CFIA-Allergen-Free” or “No Allergens” claims
published at - 28 November 2023

For companies seeking certifications in food safety or quality, it is essential to strictly adhere to these regulations and this website. These guidelines assist companies and institutions in the food supply chain to avoid any mistakes and to comply with national laws.

The Canadian Food Inspection Agency published general "allergen-free" or "no allergens" claims on their website on September 15, 2023.https://inspection.canada.ca/food-labels.

"General claims stating only "allergen-free" or "no allergens" are considered to be too broad in nature and are therefore not acceptable. The list of potential food allergen sources is not restricted to the list of priority food allergens identified by Health Canada. There are over 200 food proteins that can cause adverse reactions to some segments of the population. Therefore, it is likely to create an erroneous impression to state that a product is free of allergens.

Common food allergens-Priority allergens

Severe allergic reactions (e.g. anaphylactic reaction) occur when the body's immune system strongly reacts to a particular allergenic protein or irritant. These reactions may be caused by food, insect stings and medications. Health Canada, the Canadian Food Inspection Agency (CFIA), allergy associations, and the medical community have identified the key substances most frequently associated with food allergies and allergic-type reactions. These substances are often referred to as priority food allergens.

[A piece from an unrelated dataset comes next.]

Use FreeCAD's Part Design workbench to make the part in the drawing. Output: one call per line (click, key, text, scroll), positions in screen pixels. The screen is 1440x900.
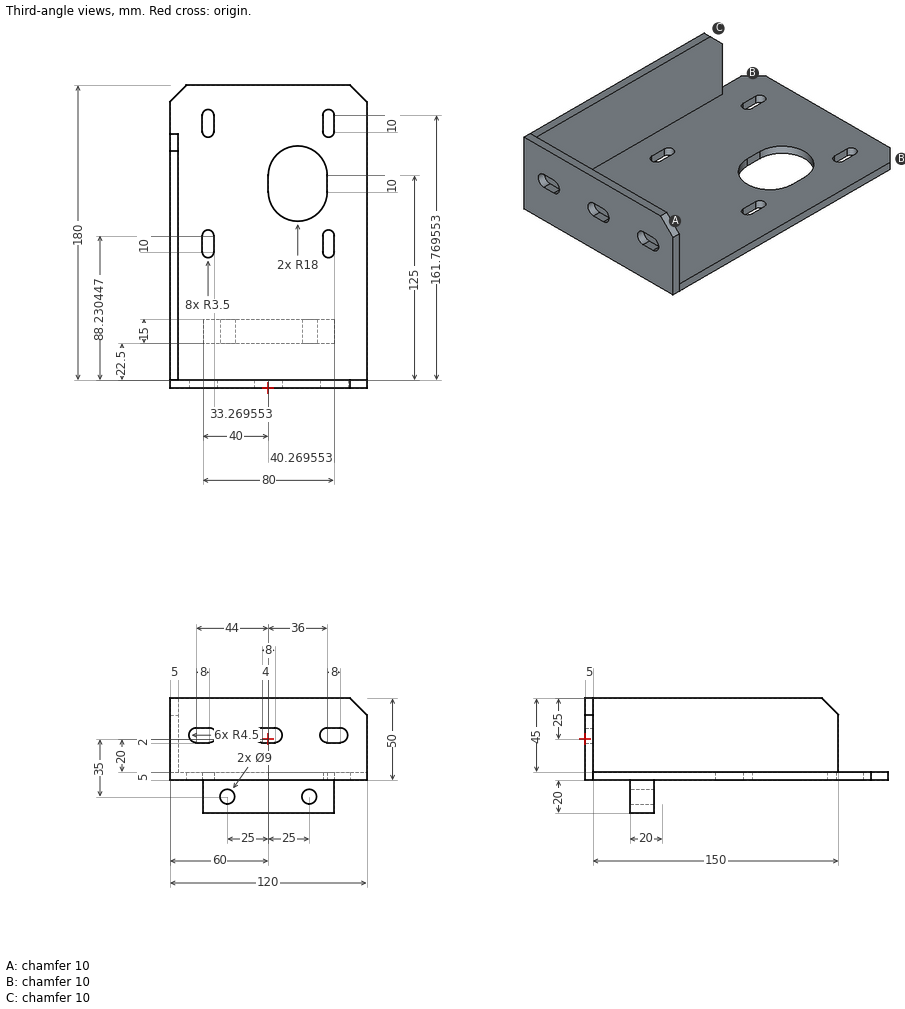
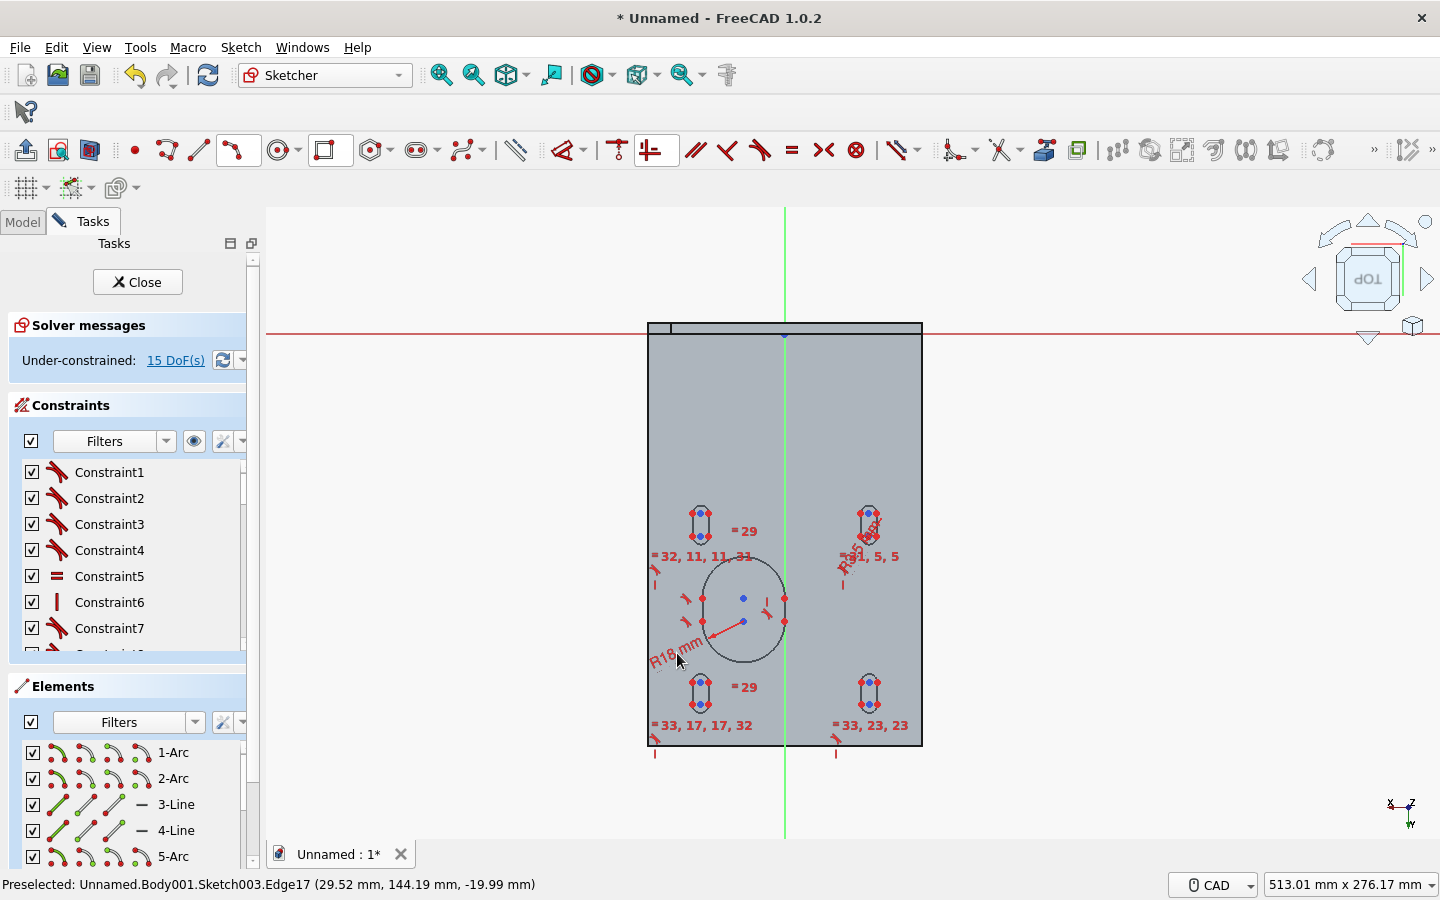
click(785, 621)

Health Canada and CFIA have developed a series of pamphlets with information for consumers about each of the priority allergens:

Eggs, Milk, Mustard, Peanuts, Crustaceans and molluscs, Fish, Sesame seeds, Soy, Sulphites, Tree Nuts, Wheat and triticale.

It is essential to emphasize that companies applying for certifications in food safety or quality are obligated to strictly implement all requirements by referring to these regulations and this website. These regulations assist companies and institutions in the food supply chain to avoid any mistakes and stay compliant with national laws.